On the stage, an ABBA tribute band, white jumpsuited up, long brown wigs on the men and a blonde and a brown wig on the women, played quietly—everyone’s favourite songs. I remembered Paul’s anguish about the band, whether to go with something more cool, more rock, like Yes, or Roxy Music, but with my simple question of, “When you think seventies, which band comes into your mind?” he’d said, “Abba,” and I’d said, “I rest my case.”
The guests had made an effort with their outfits: bright kaftans, flared trousers, kipper ties and shirts with collars you could go gliding in.
Paul appeared next to me. “You eating?
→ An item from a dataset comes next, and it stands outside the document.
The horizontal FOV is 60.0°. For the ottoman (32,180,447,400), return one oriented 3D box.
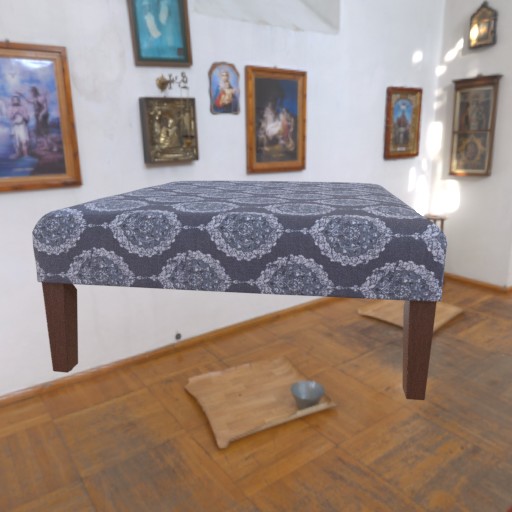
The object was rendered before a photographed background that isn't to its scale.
[{"bbox_3d":[0.000,0.000,1.382,0.890,0.409,0.889,2,14,8],"label":"ottoman"}]

There’s a seat for you there.” He pointed to a table near the front where his parents were both talking loudly to the others.
“Thanks, but I just wanted to see the results of all your hard work. After hearing you talk about nothing else for the last two weeks, it’s amazing now it’s all come together.”
“Wicked.”
“It’s definitely that.”
“Come on, stay and eat. Promise my parents won’t be too bad. They’re both pissed. They had two of the cocktails at the one-cocktail-each reception before the food even arrived. Bjorn from the ABBA tribute band told me earlier one of the women was getting a bit lairy. Of course it was Mother.”